Multi-agent dynamic traffic assignment incorporating GPS diary and personalized supernetwork approach



Last Updated: 2-2016


This thesis aims at incorporating the integrated space-time accessibility concept from supernetwork structure into the framework of simulation-based dynamic traffic assignment (DTA), trying to explore its effectiveness.
A methodology is proposed first, using multi-modal simulation to reproduce both motorized and non-motorized trips of real-life individual, together with a one-year GPS diary data as source for travel demand input, enhancing the resolution of detail this demand can capture. The simulation is then conducted using a multi-agent approach (MATsim), maximizing the benefits of representing the heterogeneous choice preferences of individuals in multidimentional activity and travel programs. Based on the estimates of a mixed logit model, the proposed approach is operationalized via modifying the utility functions for evaluation of individual’s plan in response to the integrated accessibility concept. The supernetwork structure is also partially reproduced with a multi-layer network consisting of private vehicle network and public transit network.
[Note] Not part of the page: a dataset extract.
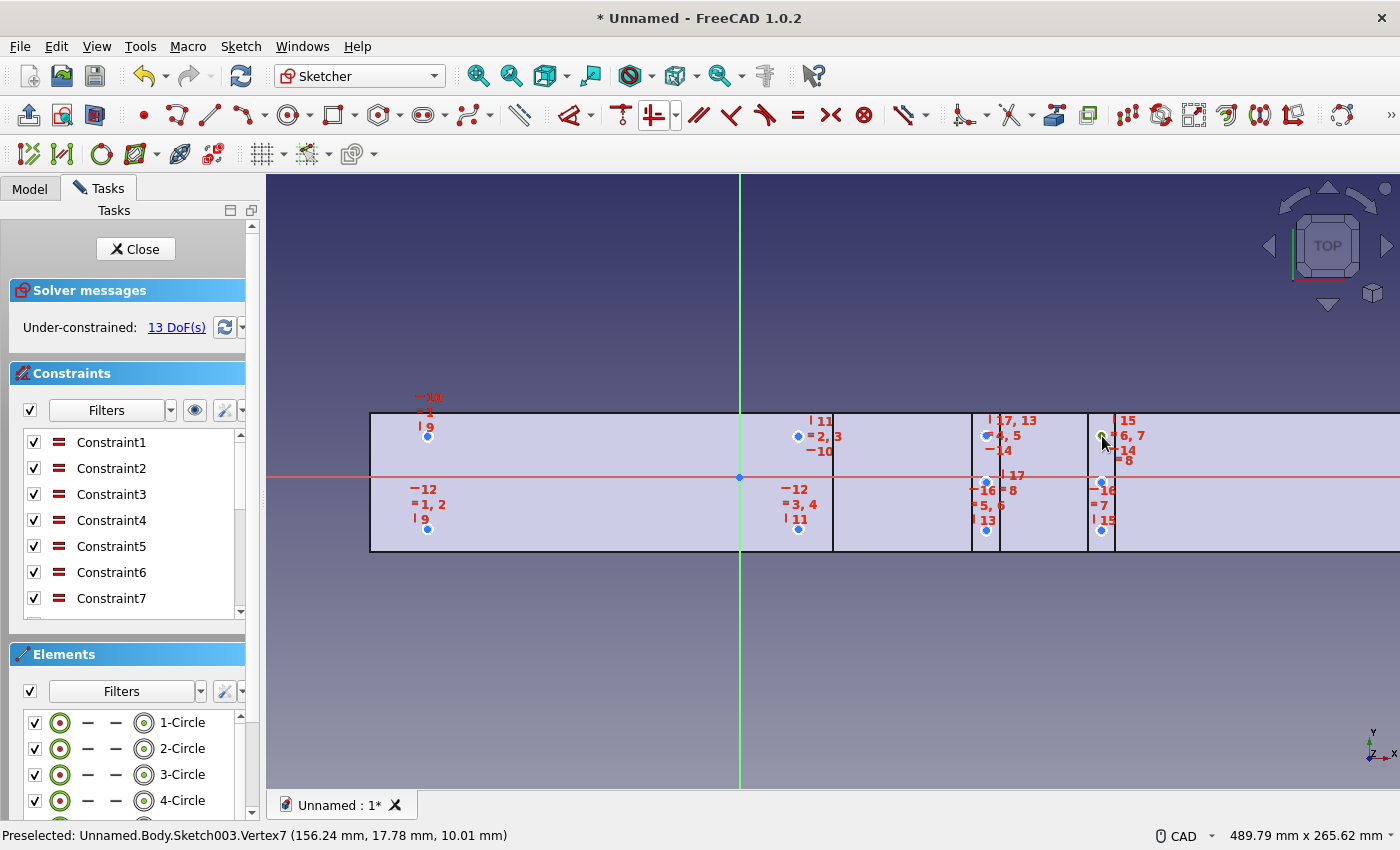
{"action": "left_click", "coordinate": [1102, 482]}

Following the preparations above, the approach is eventually implemented by taking Eindhoven region as a study area. Results suggest that this integrated approach is a promising solution for transportation planning, and possess high applicability in other scenarios as no major adjustment is required. Future works include parking activity simulation and household joint-decision simulation, and incorporation with population synthesis for large agent population.